Exercise details =>
Answer with a single number: how many lines in the listing below include "object"?

Available data =>
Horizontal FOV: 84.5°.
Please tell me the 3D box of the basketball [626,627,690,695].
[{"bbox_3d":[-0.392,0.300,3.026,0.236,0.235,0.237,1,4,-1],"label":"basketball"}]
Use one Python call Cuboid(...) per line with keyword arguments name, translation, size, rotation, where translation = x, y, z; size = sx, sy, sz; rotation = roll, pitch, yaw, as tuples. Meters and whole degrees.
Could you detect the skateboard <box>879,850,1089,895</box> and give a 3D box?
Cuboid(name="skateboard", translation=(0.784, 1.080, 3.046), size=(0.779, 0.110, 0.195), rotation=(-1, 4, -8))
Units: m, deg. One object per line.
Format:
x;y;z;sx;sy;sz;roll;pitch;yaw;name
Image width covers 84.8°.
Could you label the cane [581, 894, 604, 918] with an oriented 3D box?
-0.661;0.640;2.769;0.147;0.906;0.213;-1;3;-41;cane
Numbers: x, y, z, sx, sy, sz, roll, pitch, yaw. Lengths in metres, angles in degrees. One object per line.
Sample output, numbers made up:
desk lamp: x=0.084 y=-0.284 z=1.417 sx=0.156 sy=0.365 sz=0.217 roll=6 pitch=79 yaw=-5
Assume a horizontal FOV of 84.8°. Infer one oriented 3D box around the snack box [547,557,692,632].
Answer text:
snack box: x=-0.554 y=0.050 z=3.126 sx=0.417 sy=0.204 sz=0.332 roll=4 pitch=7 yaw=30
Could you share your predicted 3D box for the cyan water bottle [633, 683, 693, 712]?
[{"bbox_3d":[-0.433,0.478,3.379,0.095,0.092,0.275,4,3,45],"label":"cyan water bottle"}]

Exercise output =>
2